Nadie llegó anoche a la Heineken para escuchar History of modern, el inevitable (y poco relevante) regreso discográfico de OMD, pero la sucesión de sus piezas clásicas generó una excitación colectiva que por momentos bordeaba la euforia. El cantante Andy McCluskey y el teclista Paul Humphreys han superado ya el medio siglo de edad y a buen seguro no volverán a escribir nada tan relevante como Organisation (1980) o Architecture & morality (1981), pero la reacción en la pista era tan cómplice y desaforada que se miraban de soslayo como sin acabárselo de creer. Solo les faltó pedir permiso para llamar a sus familias.

Estribillos contagiosos

OMD sigue practicando un tecno contagioso, amable. Los estribillos siempre resultan propicios para corear, mientras que los teclados garabatean motivos livianos. La fórmula es recurrente, pero, en estos tiempos de estómagos encogidos, las inyecciones de adrenalina se reciben con fervor. Nadie se tomó a mal que la Heineken presentara un sonido saturado, abigarrado y latoso, con la batería subidísima de volumen y la voz de McCluskey relegada a un murmullo en el que la fonética inglesa quedaba al amparo de la intuición.

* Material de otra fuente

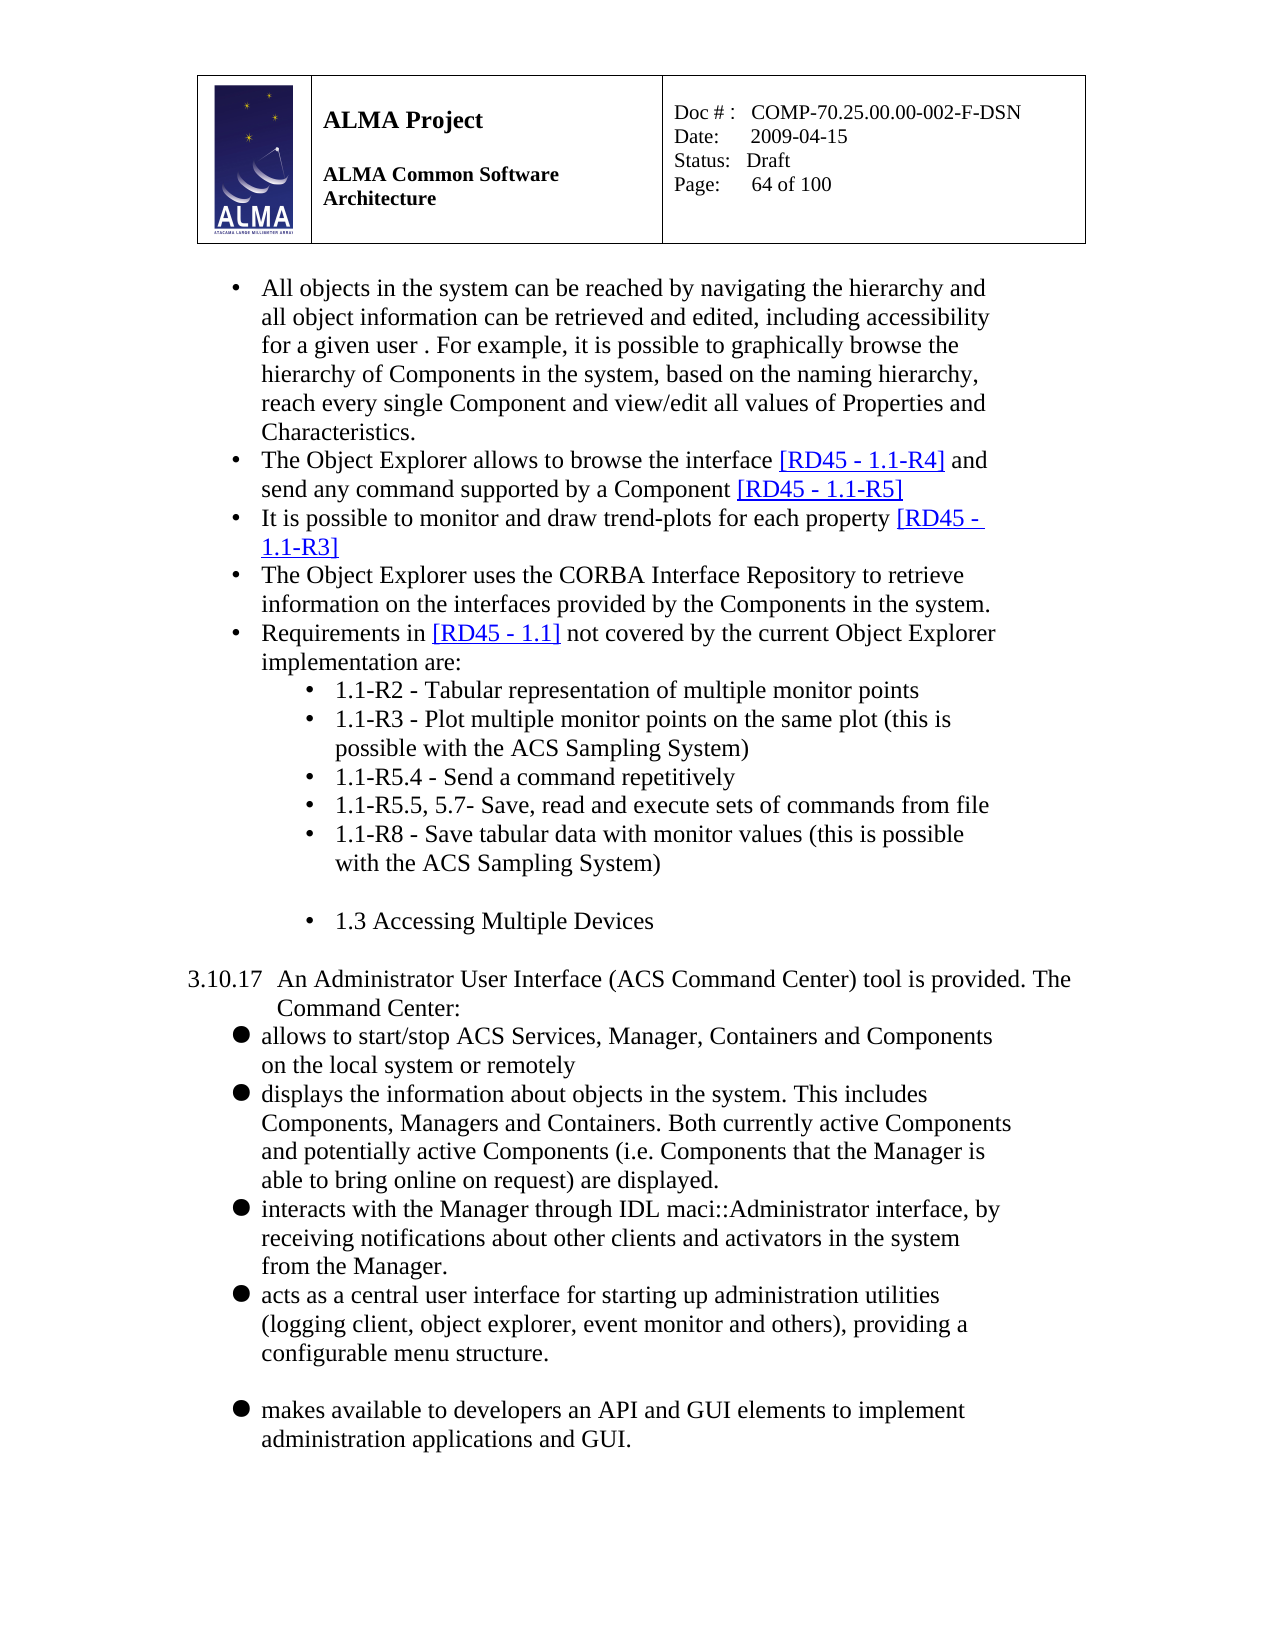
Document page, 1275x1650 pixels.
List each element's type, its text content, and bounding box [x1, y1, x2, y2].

list 1.1-R5.5, 5.7- Save, read and execute sets of commands from file [305, 791, 1012, 819]
list allows to start/stop ACS Services, Manager, Containers and Components on the local system or remotely [232, 1021, 1012, 1079]
picture [214, 85, 293, 235]
subtitle An Administrator User Interface (ACS Command Center) tool is provided. The Command Center: [187, 964, 1087, 1021]
list It is possible to monitor and draw trend-plots for each property [RD45 - 1.1-R3] [232, 503, 1012, 561]
list makes available to developers an API and GUI elements to implement administration applications and GUI. [232, 1396, 1012, 1453]
list acts as a central user interface for starting up administration utilities (logging client, object explorer, event monitor and others), providing a configurable menu structure. [232, 1280, 1012, 1366]
list 1.1-R2 - Tabular representation of multiple monitor points [305, 676, 1012, 704]
list 1.1-R5.4 - Send a command repetitively [305, 762, 1012, 791]
list All objects in the system can be reached by navigating the hierarchy and all object information can be retrieved and edited, including accessibility for a given user . For example, it is possible to graphically browse the hierarchy of Components in the system, based on the naming hierarchy, reach every single Component and view/edit all values of Properties and Characteristics. [232, 273, 1012, 446]
list 1.1-R8 - Save tabular data with monitor values (this is possible with the ACS Sampling System) [305, 819, 1012, 877]
list The Object Explorer allows to browse the interface [RD45 - 1.1-R4] and send any command supported by a Component [RD45 - 1.1-R5] [232, 446, 1012, 503]
list 1.1-R3 - Plot multiple monitor points on the same plot (this is possible with the ACS Sampling System) [305, 704, 1012, 762]
list interacts with the Manager through IDL maci::Administrator interface, by receiving notifications about other clients and activators in the system from the Manager. [232, 1194, 1012, 1280]
list displays the information about objects in the system. This includes Components, Managers and Containers. Both currently active Components and potentially active Components (i.e. Components that the Manager is able to bring online on request) are displayed. [232, 1079, 1012, 1194]
list The Object Explorer uses the CORBA Interface Repository to retrieve information on the interfaces provided by the Components in the system. [232, 561, 1012, 618]
list Requirements in [RD45 - 1.1] not covered by the current Object Explorer implementation are: [232, 618, 1012, 676]
list 1.3 Accessing Multiple Devices [305, 906, 1012, 935]
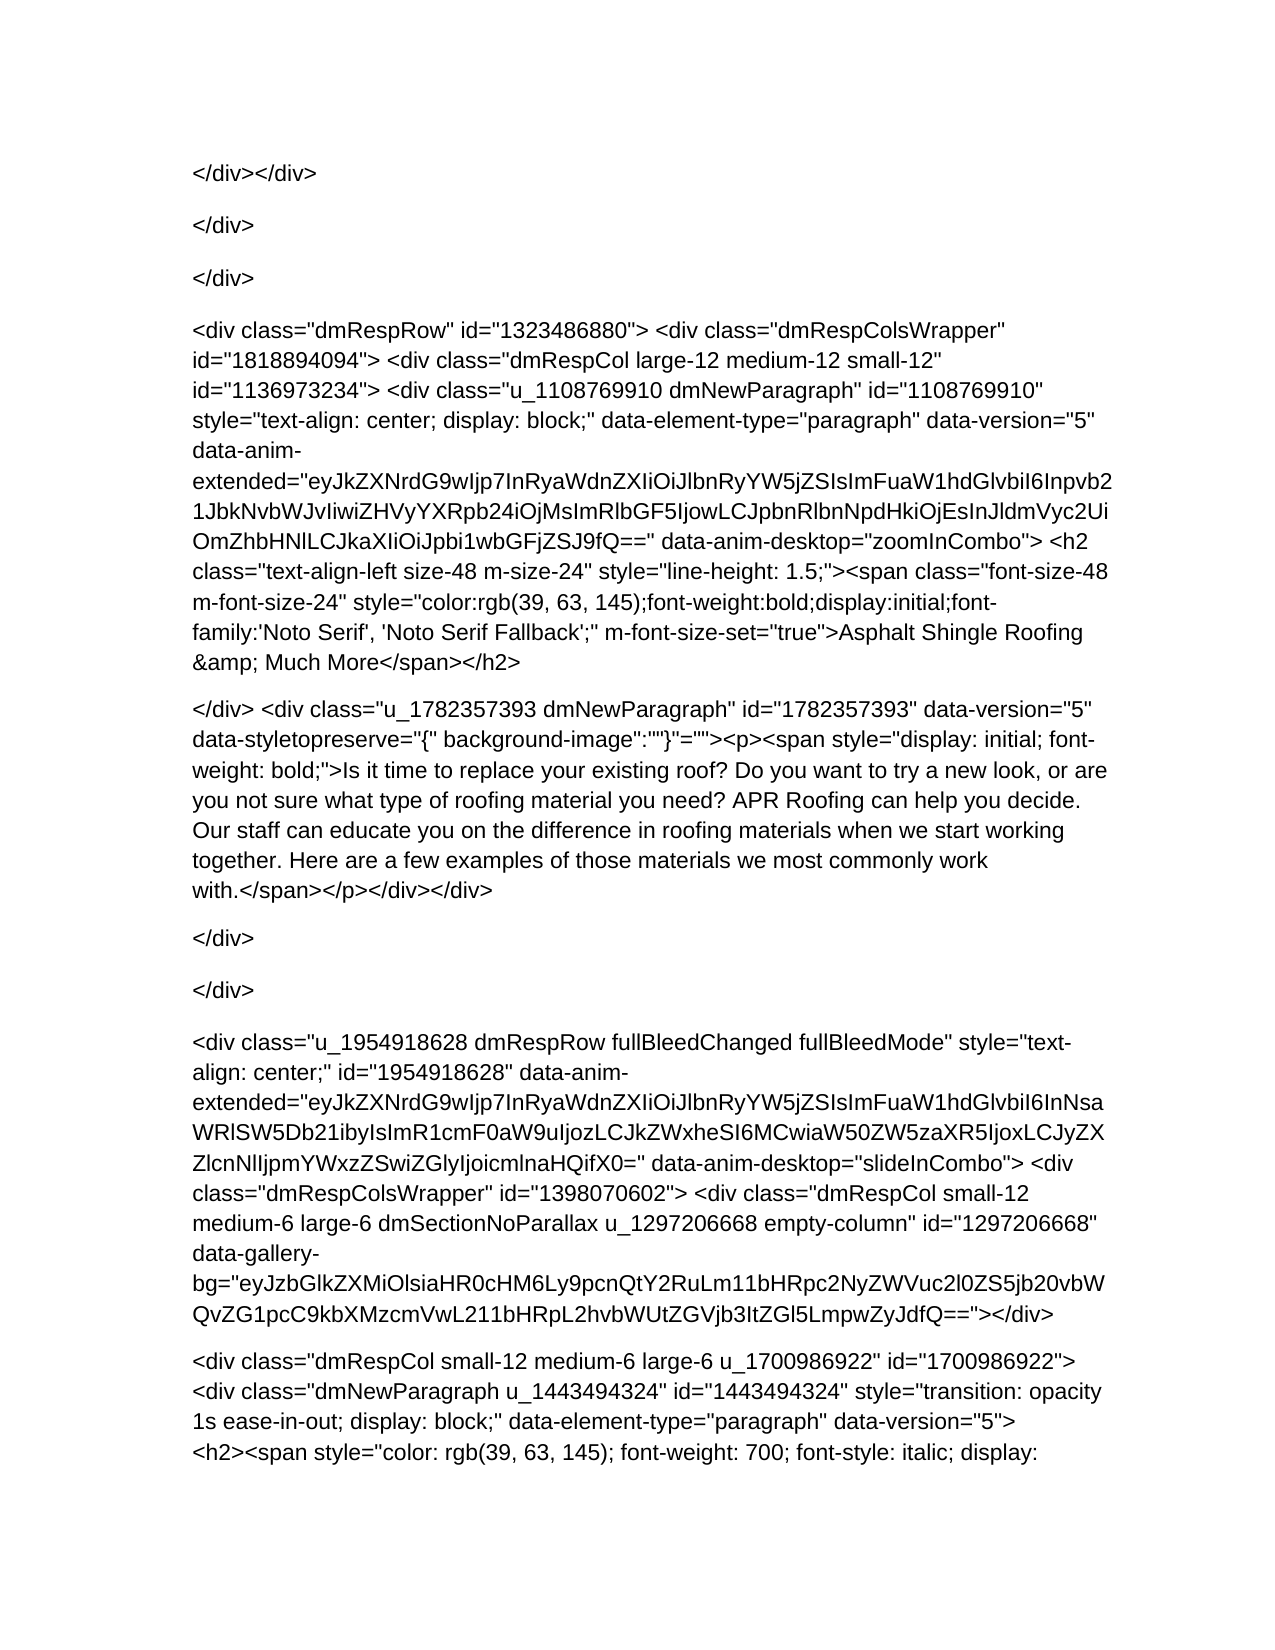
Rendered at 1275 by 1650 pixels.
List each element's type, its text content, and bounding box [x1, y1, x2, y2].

table_cell [150, 202, 182, 254]
table_cell [150, 1338, 182, 1475]
table_cell [150, 966, 182, 1018]
table_cell [150, 1018, 182, 1337]
table_cell </div> [182, 966, 1125, 1018]
table_cell [150, 914, 182, 966]
table_cell <div class="u_1954918628 dmRespRow fullBleedChanged fullBleedMode" style="text-align: center;" id="1954918628" data-anim-extended="eyJkZXNrdG9wIjp7InRyaWdnZXIiOiJlbnRyYW5jZSIsImFuaW1hdGlvbiI6InNsaWRlSW5Db21ibyIsImR1cmF0aW9uIjozLCJkZWxheSI6MCwiaW50ZW5zaXR5IjoxLCJyZXZlcnNlIjpmYWxzZSwiZGlyIjoicmlnaHQifX0=" data-anim-desktop="slideInCombo"> <div class="dmRespColsWrapper" id="1398070602"> <div class="dmRespCol small-12 medium-6 large-6 dmSectionNoParallax u_1297206668 empty-column" id="1297206668" data-gallery-bg="eyJzbGlkZXMiOlsiaHR0cHM6Ly9pcnQtY2RuLm11bHRpc2NyZWVuc2l0ZS5jb20vbWQvZG1pcC9kbXMzcmVwL211bHRpL2hvbWUtZGVjb3ItZGl5LmpwZyJdfQ=="></div> [182, 1018, 1125, 1337]
table_cell <div class="dmRespCol small-12 medium-6 large-6 u_1700986922" id="1700986922"> <div class="dmNewParagraph u_1443494324" id="1443494324" style="transition: opacity 1s ease-in-out; display: block;" data-element-type="paragraph" data-version="5"> <h2><span style="color: rgb(39, 63, 145); font-weight: 700; font-style: italic; display: [182, 1338, 1125, 1475]
table_cell <div class="dmRespRow" id="1323486880"> <div class="dmRespColsWrapper" id="1818894094"> <div class="dmRespCol large-12 medium-12 small-12" id="1136973234"> <div class="u_1108769910 dmNewParagraph" id="1108769910" style="text-align: center; display: block;" data-element-type="paragraph" data-version="5" data-anim-extended="eyJkZXNrdG9wIjp7InRyaWdnZXIiOiJlbnRyYW5jZSIsImFuaW1hdGlvbiI6Inpvb21JbkNvbWJvIiwiZHVyYXRpb24iOjMsImRlbGF5IjowLCJpbnRlbnNpdHkiOjEsInJldmVyc2UiOmZhbHNlLCJkaXIiOiJpbi1wbGFjZSJ9fQ==" data-anim-desktop="zoomInCombo"> <h2 class="text-align-left size-48 m-size-24" style="line-height: 1.5;"><span class="font-size-48 m-font-size-24" style="color:rgb(39, 63, 145);font-weight:bold;display:initial;font-family:'Noto Serif', 'Noto Serif Fallback';" m-font-size-set="true">Asphalt Shingle Roofing &amp; Much More</span></h2> [182, 306, 1125, 686]
table_cell [150, 150, 182, 202]
table_cell </div> <div class="u_1782357393 dmNewParagraph" id="1782357393" data-version="5" data-styletopreserve="{" background-image":""}"=""><p><span style="display: initial; font-weight: bold;">Is it time to replace your existing roof? Do you want to try a new look, or are you not sure what type of roofing material you need? APR Roofing can help you decide. Our staff can educate you on the difference in roofing materials when we start working together. Here are a few examples of those materials we most commonly work with.</span></p></div></div> [182, 686, 1125, 914]
table_cell [150, 254, 182, 306]
table_cell </div> [182, 202, 1125, 254]
table_cell [150, 686, 182, 914]
table_cell </div> [182, 914, 1125, 966]
table_cell </div></div> [182, 150, 1125, 202]
table_cell [150, 306, 182, 686]
table_cell </div> [182, 254, 1125, 306]

Los cánticos de la sala atestada hasta límites claustrofóbi-cos se acentuaron con Tesla girls o Radio waves, pero tornaron en apoteosis cuando el mucho más recatado Humphreys, por primera vez en funciones de voz principal, le hincó el diente a Souvenir. McCluskey, expansivo y espasmódico en sus movimientos de peonza, recuperó el mando con la grandilocuente Joan of Arc y el público se postró ya a sus pies.

Faltaba el delirio de Enola Gay. Será añoranza pura, el recuerdo de los vinilos de nuestros hermanos o los movimientos cíclicos de la historia, pero los ochenta nos exaltan. Con sus teclados chillones, los contestadores telefónicos de doble casete y el ordenador Spectrum como obras cumbres del hombre tecnológico.